2016-01-22 Thread Andy Lutomirski
On Fri, Jan 22, 2016 at 2:48 AM, Jann Horn  wrote:
> On Fri, Jan 22, 2016 at 03:30:00PM +0900, Daniel Sangorrin wrote:
>> This patch allows applications to restrict the order in which
>> its system calls may be requested. In order to do that, we
>> provide seccomp-BPF scripts with information about the
>> previous system call requested.
>>
>> An example use case consists of detecting (and stopping) return
>> oriented attacks that disturb the normal execution flow of
>> a user program.
>
>
> The intent here is to mitigate attacks in which an attacker has
> e.g. a function pointer overwrite without a high degree of stack
> control or the ability to perform a stack pivot, correct? So that
> e.g. a one-gadget system() call won't succeed?
>
> Do you have data on how effective this protection is using just
> the previous system call number?
>
> I think that for example, the "magic ROP gadget" in glibc that
> can be used given just a single pointer overwrite and stdin
> control (https://gist.github.com/zachriggle/ca24daf4e8be953a3f96),
> which (as far as I can tell) is in the middle of the system()
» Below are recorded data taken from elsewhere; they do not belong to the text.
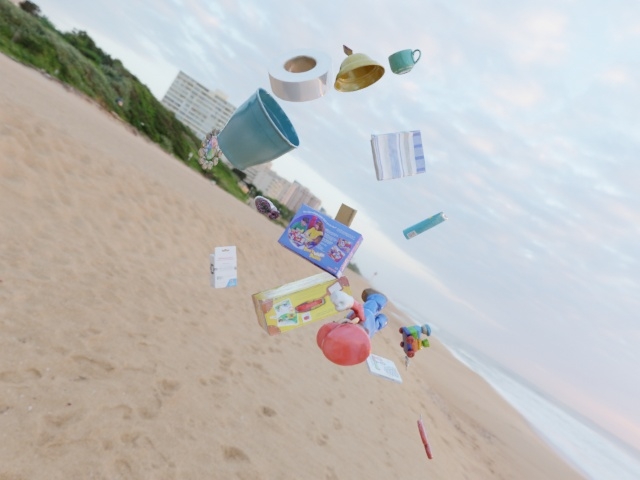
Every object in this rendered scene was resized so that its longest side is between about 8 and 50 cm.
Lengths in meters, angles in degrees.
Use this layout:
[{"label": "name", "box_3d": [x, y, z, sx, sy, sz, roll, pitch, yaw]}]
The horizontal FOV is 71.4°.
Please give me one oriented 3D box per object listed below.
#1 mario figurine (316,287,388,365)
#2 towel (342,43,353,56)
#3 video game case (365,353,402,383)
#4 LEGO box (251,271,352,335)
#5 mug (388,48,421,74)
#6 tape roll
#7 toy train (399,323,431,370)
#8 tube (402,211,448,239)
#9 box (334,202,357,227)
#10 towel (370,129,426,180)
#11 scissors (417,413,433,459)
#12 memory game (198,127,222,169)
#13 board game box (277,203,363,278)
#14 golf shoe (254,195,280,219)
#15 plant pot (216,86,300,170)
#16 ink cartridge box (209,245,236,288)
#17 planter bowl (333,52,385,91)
[{"label": "mario figurine", "box_3d": [0.076, 0.234, 1.239, 0.198, 0.170, 0.320, 56, 28, 6]}, {"label": "towel", "box_3d": [0.158, -1.079, 2.543, 0.083, 0.009, 0.060, 45, -16, 31]}, {"label": "video game case", "box_3d": [0.255, 0.526, 1.846, 0.143, 0.019, 0.157, 21, 12, -10]}, {"label": "LEGO box", "box_3d": [-0.113, 0.349, 2.566, 0.372, 0.500, 0.193, 180, -105, -72]}, {"label": "mug", "box_3d": [0.429, -0.914, 2.285, 0.129, 0.097, 0.158, -18, 7, -30]}, {"label": "tape roll", "box_3d": [-0.081, -0.719, 1.926, 0.286, 0.286, 0.100, 31, -30, 29]}, {"label": "toy train", "box_3d": [0.485, 0.536, 2.242, 0.105, 0.143, 0.248, -124, -157, -63]}, {"label": "tube", "box_3d": [0.477, -0.069, 2.030, 0.080, 0.207, 0.052, 25, 44, -51]}, {"label": "box", "box_3d": [0.116, -0.097, 2.440, 0.021, 0.201, 0.164, 22, 8, -29]}, {"label": "towel", "box_3d": [0.357, -0.390, 2.021, 0.285, 0.209, 0.034, -13, 8, -27]}, {"label": "scissors", "box_3d": [0.335, 0.602, 1.468, 0.297, 0.021, 0.109, -43, 112, -80]}, {"label": "memory game", "box_3d": [-0.451, -0.383, 1.862, 0.012, 0.186, 0.186, 23, -3, 13]}, {"label": "board game box", "box_3d": [0.000, 0.000, 2.163, 0.347, 0.233, 0.078, 29, -11, 21]}, {"label": "golf shoe", "box_3d": [-0.265, -0.164, 2.102, 0.086, 0.067, 0.186, 54, 4, 31]}, {"label": "plant pot", "box_3d": [-0.263, -0.421, 1.779, 0.271, 0.255, 0.271, 52, 19, -26]}, {"label": "ink cartridge box", "box_3d": [-0.429, 0.113, 1.964, 0.104, 0.180, 0.060, -4, 8, -35]}, {"label": "planter bowl", "box_3d": [0.147, -0.696, 1.811, 0.217, 0.217, 0.090, 39, 36, -82]}]
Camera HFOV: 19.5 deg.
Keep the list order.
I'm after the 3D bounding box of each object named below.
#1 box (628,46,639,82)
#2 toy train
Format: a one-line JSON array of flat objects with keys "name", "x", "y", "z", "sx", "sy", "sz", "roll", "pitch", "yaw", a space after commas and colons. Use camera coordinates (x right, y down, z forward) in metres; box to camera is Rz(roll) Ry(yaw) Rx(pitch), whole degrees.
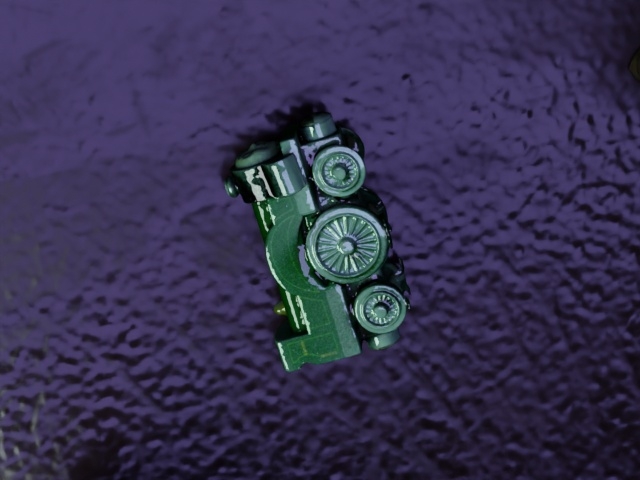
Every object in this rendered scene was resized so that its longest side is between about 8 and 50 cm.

> implementation, could be used as long as a transition to one of
> the following syscalls is allowed:
>
>  - rt_sigaction
>  - rt_sigprocmask
>  - clone
>  - execve
>
> I'm not sure how many interesting syscalls typically transition
> to that, perhaps you can comment on that?

rt_sigaction is going to be a problem.  It can legitimately follow
*anything* because of async signals.

In general, I think I don't like this idea.  It seems like a hack that
we'll have to support forever that will allow semi-reliable IDS
signatures to break due to async signals and occasionally detect
intrusions that don't modify themselves slightly to evade detection.